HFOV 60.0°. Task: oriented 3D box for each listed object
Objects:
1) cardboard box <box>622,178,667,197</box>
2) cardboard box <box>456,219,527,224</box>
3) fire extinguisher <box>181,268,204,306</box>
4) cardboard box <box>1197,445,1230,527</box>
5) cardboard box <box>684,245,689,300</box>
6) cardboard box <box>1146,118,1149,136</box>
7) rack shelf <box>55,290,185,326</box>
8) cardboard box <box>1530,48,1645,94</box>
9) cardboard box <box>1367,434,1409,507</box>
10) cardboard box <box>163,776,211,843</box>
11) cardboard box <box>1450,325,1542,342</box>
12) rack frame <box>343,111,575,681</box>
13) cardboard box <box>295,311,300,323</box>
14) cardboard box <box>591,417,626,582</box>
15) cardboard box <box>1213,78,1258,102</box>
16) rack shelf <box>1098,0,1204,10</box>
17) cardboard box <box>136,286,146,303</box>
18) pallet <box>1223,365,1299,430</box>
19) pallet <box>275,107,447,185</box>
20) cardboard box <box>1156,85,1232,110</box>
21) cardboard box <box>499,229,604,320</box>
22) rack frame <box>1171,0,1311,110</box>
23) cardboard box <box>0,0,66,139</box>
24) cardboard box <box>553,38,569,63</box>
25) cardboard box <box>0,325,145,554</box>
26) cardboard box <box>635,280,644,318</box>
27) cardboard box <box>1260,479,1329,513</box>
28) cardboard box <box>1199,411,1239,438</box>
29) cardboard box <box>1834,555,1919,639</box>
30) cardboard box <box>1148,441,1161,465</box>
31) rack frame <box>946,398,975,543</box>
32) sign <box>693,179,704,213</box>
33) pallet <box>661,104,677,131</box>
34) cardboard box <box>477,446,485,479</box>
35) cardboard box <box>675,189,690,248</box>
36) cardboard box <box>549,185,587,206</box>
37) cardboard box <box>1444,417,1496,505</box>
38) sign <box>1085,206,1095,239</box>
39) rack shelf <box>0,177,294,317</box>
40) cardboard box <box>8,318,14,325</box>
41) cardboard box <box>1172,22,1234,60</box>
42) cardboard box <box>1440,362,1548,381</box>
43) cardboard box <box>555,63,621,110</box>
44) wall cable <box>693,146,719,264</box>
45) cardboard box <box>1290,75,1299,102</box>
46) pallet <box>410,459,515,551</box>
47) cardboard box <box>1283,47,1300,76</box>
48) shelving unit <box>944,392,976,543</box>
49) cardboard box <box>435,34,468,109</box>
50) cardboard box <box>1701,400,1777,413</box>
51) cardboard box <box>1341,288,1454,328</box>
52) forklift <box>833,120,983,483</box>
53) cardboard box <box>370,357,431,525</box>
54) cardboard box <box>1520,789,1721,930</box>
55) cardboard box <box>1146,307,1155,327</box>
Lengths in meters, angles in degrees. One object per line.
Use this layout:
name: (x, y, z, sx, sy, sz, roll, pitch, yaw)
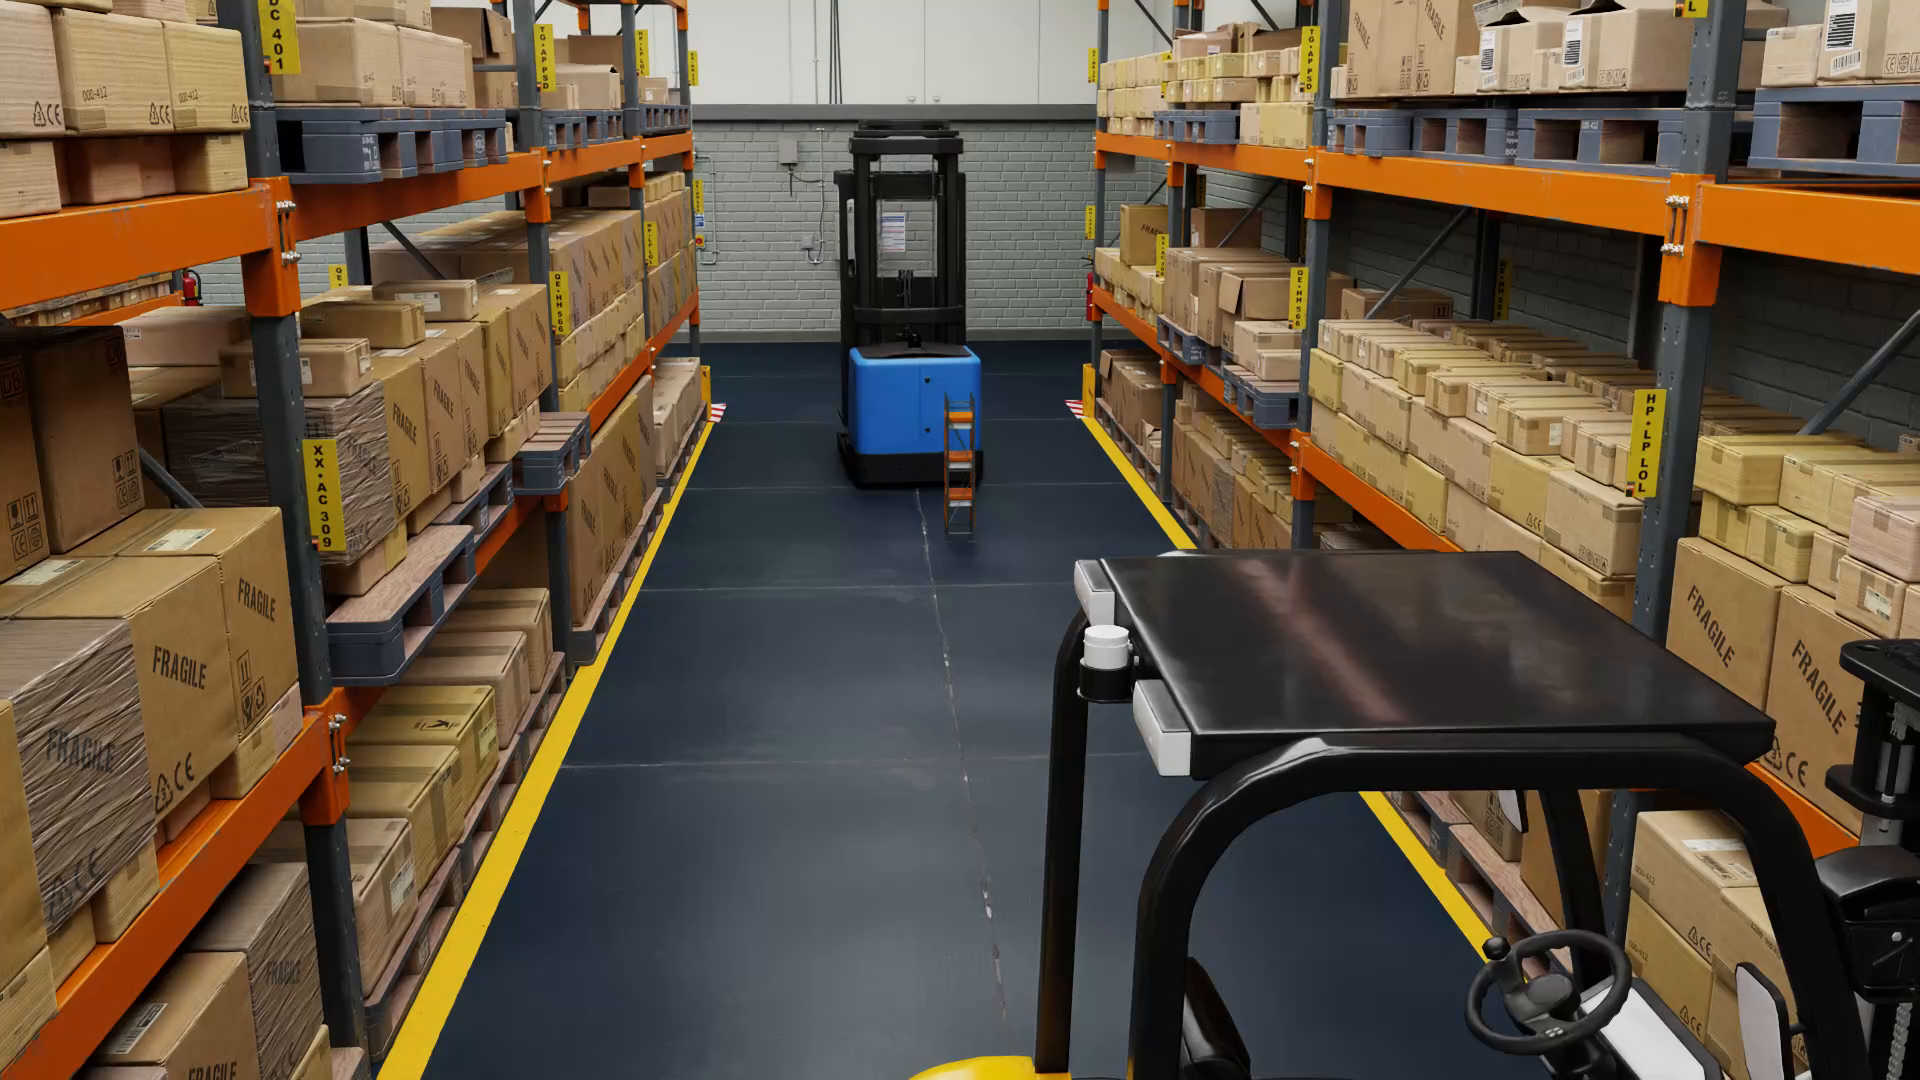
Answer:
cardboard box: (-2.698, -2.996, 14.140, 0.380, 0.149, 0.250, -1, 14, -3)
cardboard box: (-3.034, -1.855, 11.009, 0.500, 0.500, 0.500, -1, 14, -5)
fire extinguisher: (-7.599, -2.432, 16.363, 0.296, 0.674, 0.183, -1, 14, -3)
cardboard box: (1.967, -0.377, 11.647, 0.500, 0.500, 0.500, -1, 14, -5)
cardboard box: (-2.800, -2.489, 15.482, 0.500, 0.500, 0.500, -1, 14, -5)
cardboard box: (1.757, -3.437, 13.848, 0.380, 0.149, 0.250, 0, 14, -2)
rack shelf: (-7.920, -1.735, 14.192, 1.077, 0.370, 4.000, -1, 14, -3)
cardboard box: (2.216, -1.627, 5.770, 0.380, 0.149, 0.250, -1, 14, -4)
cardboard box: (2.189, -0.330, 7.590, 0.500, 0.250, 0.500, -1, 14, -5)
cardboard box: (-2.081, 0.627, 4.073, 0.380, 0.149, 0.250, -1, 14, -3)
cardboard box: (2.690, -0.991, 8.357, 0.380, 0.149, 0.250, -1, 14, -2)
rack frame: (-2.614, -0.692, 8.698, 1.000, 3.000, 0.127, -1, 14, -3)
cardboard box: (-2.738, -0.711, 7.131, 0.500, 0.500, 0.500, -1, 14, -2)
cardboard box: (-2.625, -0.262, 10.445, 0.875, 0.875, 0.875, -1, 14, -3)
cardboard box: (1.834, -2.885, 10.661, 0.380, 0.149, 0.250, -1, 14, -2)
rack shelf: (1.968, -4.818, 14.141, 1.077, 0.370, 4.000, -1, 14, -3)
cardboard box: (-7.733, -2.258, 15.285, 0.380, 0.149, 0.250, -1, 14, -4)
pallet: (2.228, -0.845, 9.674, 1.213, 0.211, 1.003, -1, 14, -3)
pallet: (-2.298, -1.215, 5.084, 1.213, 0.211, 1.003, -1, 14, -3)
cardboard box: (1.812, -3.405, 12.925, 0.500, 0.250, 0.500, -1, 14, -3)
cardboard box: (-2.458, -1.604, 10.032, 0.500, 0.500, 0.500, 0, 14, -2)
rack frame: (2.092, -4.670, 12.118, 1.000, 3.000, 0.127, -1, 14, -3)
cardboard box: (-2.021, -0.863, 3.046, 0.500, 0.250, 0.500, -1, 14, -4)
cardboard box: (-2.978, -3.777, 13.414, 0.797, 0.503, 0.637, 0, 14, 1)
cardboard box: (-2.555, -0.262, 4.219, 0.700, 0.500, 0.500, -1, 14, -4)
cardboard box: (-2.592, -1.751, 12.109, 0.500, 0.250, 0.500, -1, 14, -3)
cardboard box: (2.009, -0.263, 9.902, 0.380, 0.149, 0.250, -2, 15, -6)
cardboard box: (1.970, -0.847, 12.171, 0.380, 0.149, 0.250, -2, 15, -6)
cardboard box: (2.348, 0.137, 3.972, 0.380, 0.149, 0.250, -1, 14, -2)
cardboard box: (1.764, -0.721, 13.689, 0.380, 0.149, 0.250, -1, 14, -5)
rack frame: (0.004, -0.491, 11.829, 0.200, 1.050, 0.008, -1, 14, -3)
sign: (-2.567, -3.362, 16.276, 0.100, 0.325, 0.005, -1, 14, -3)
pallet: (-2.975, -3.603, 14.169, 1.003, 0.211, 1.213, -1, 14, -3)
cardboard box: (-2.184, -0.312, 6.881, 0.380, 0.149, 0.250, -1, 14, -5)
cardboard box: (-2.780, -2.969, 15.338, 0.500, 0.500, 0.500, -1, 14, -3)
cardboard box: (-3.107, -2.673, 12.886, 0.380, 0.149, 0.250, -1, 14, -2)
cardboard box: (2.237, -0.318, 6.540, 0.500, 0.250, 0.500, -1, 14, -2)
sign: (1.303, -3.170, 16.591, 0.100, 0.325, 0.005, -1, 14, -3)
rack shelf: (-2.242, -0.304, 2.614, 1.077, 0.370, 4.000, -1, 14, -3)
cardboard box: (-7.646, -1.668, 12.994, 0.380, 0.149, 0.250, -2, 15, -6)
cardboard box: (1.762, -3.612, 12.057, 0.396, 0.266, 0.258, -1, 14, -4)
cardboard box: (2.269, -0.665, 7.088, 0.380, 0.149, 0.250, -1, 14, -3)
cardboard box: (-2.598, -3.084, 11.310, 0.500, 0.311, 0.500, -1, 14, -3)
wall cable: (-3.482, -4.591, 21.749, 0.585, 1.953, 0.123, -1, 14, -3)
cardboard box: (2.090, -2.558, 9.430, 0.380, 0.149, 0.250, -1, 14, -2)
pallet: (-2.451, -0.108, 6.811, 1.003, 0.211, 1.213, -1, 14, -3)
cardboard box: (2.045, -2.700, 9.386, 0.380, 0.149, 0.250, -1, 14, -5)
shelving unit: (-0.003, -0.522, 11.947, 0.215, 1.050, 0.252, -1, 14, -3)
cardboard box: (-2.088, -1.684, 5.988, 0.500, 0.250, 0.500, -1, 14, -4)
cardboard box: (2.765, -0.421, 6.142, 0.380, 0.149, 0.250, -1, 14, -4)
cardboard box: (2.464, -1.152, 9.441, 0.500, 0.500, 0.500, 0, 14, -1)
forklift: (-0.528, -2.199, 14.690, 1.130, 2.935, 3.031, -2, 15, -8)
cardboard box: (-2.141, -0.339, 5.684, 0.500, 0.500, 0.500, -1, 14, -3)
cardboard box: (2.544, 1.042, 5.880, 0.875, 0.625, 0.625, 0, 14, -1)
cardboard box: (1.742, -1.847, 13.690, 0.380, 0.149, 0.250, -1, 14, -2)
--------------------------------------------------
- **DIRECTIONS**
Could you reproduce, exactly, every line above from the line with "52) forklift <box>833,120,983,483</box>" to the line with "name: (x, y, z, sx, sy, sz, roll, pitch, yaw)", and no other line? Both ends count.

- **ANSWER TO THIS PROBLEM**
52) forklift <box>833,120,983,483</box>
53) cardboard box <box>370,357,431,525</box>
54) cardboard box <box>1520,789,1721,930</box>
55) cardboard box <box>1146,307,1155,327</box>
Lengths in meters, angles in degrees. One object per line.
Use this layout:
name: (x, y, z, sx, sy, sz, roll, pitch, yaw)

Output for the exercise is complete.